Professor Westad, also director of the LSE IDEAS foreign policy research center, insists there is not some grand overarching Africa strategy from the Chinese but that the relationship is driven by business.
"The Chinese business leaders I have spoken to believe there will be strong economic growth in Africa over the coming decades so to get involved for commercial reasons seems a very good idea.
"There isn't some clear Chinese State African policy. It is really about commercial development."
Kerry Brown, executive director of the China Studies Centre at Sydney University, believes Shambaugh's book says more about US' fears about China than it does about China's own issues.
"Throughout the book there lurks the shadowy sense that in the modern world, when we speak of China's dreams and hopes, we are also having to deal with American nightmares and fears," he argued in the Times Higher Education last month.
Brown believes when assessing China's influence in the world it is important to also take into account that the United States it has to deal with has changed since the terrorist attacks of Sept 11, 2001, and a Europe still dealing with the financial crisis.
"In that context, China has been as confused by how others have changed as it has been by the changes it has gone through itself."
Professor Shi at Renmin University reckons the financial crisis may be regarded as a historic turning point in 50 years because it was the beginning of US decline.
He insists, however, that we are not moving into an era where China will be a sole leader and have major influence over the rest of the world.
"I think we are going to move into a much more multi-polar world.
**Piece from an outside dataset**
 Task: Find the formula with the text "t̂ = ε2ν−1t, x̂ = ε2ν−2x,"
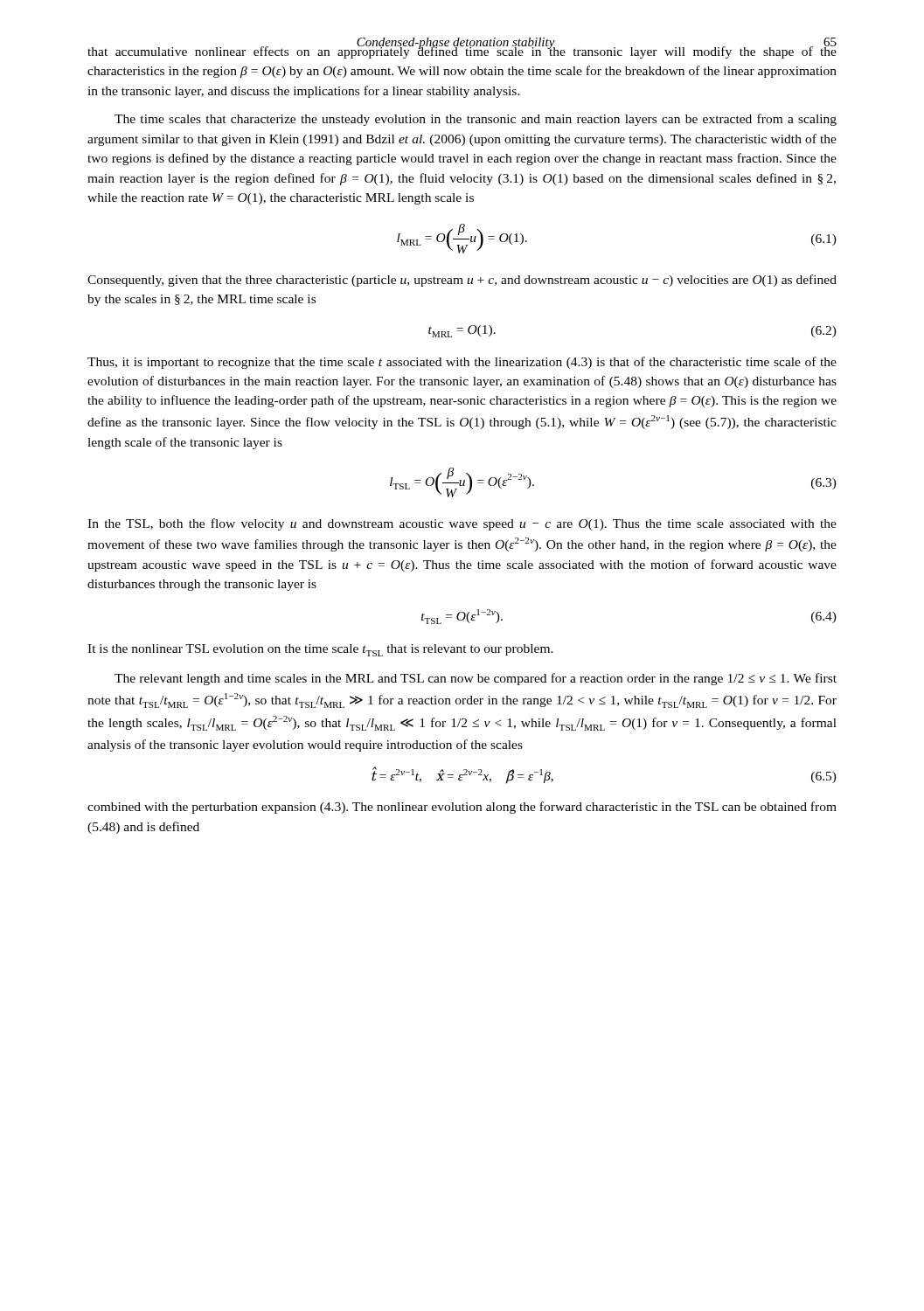pos(463,775)

China is not going to replace the United States as the dominant world power. The United States is going to experience relative decline but we are going to move into a much more multi-polar world where a number of countries have power and influence," he says.
Zhao, at the China Center for Contemporary World Studies, still believes the global institutions are still those that emerged in the aftermath of World War II and make it difficult for China to be a global leader.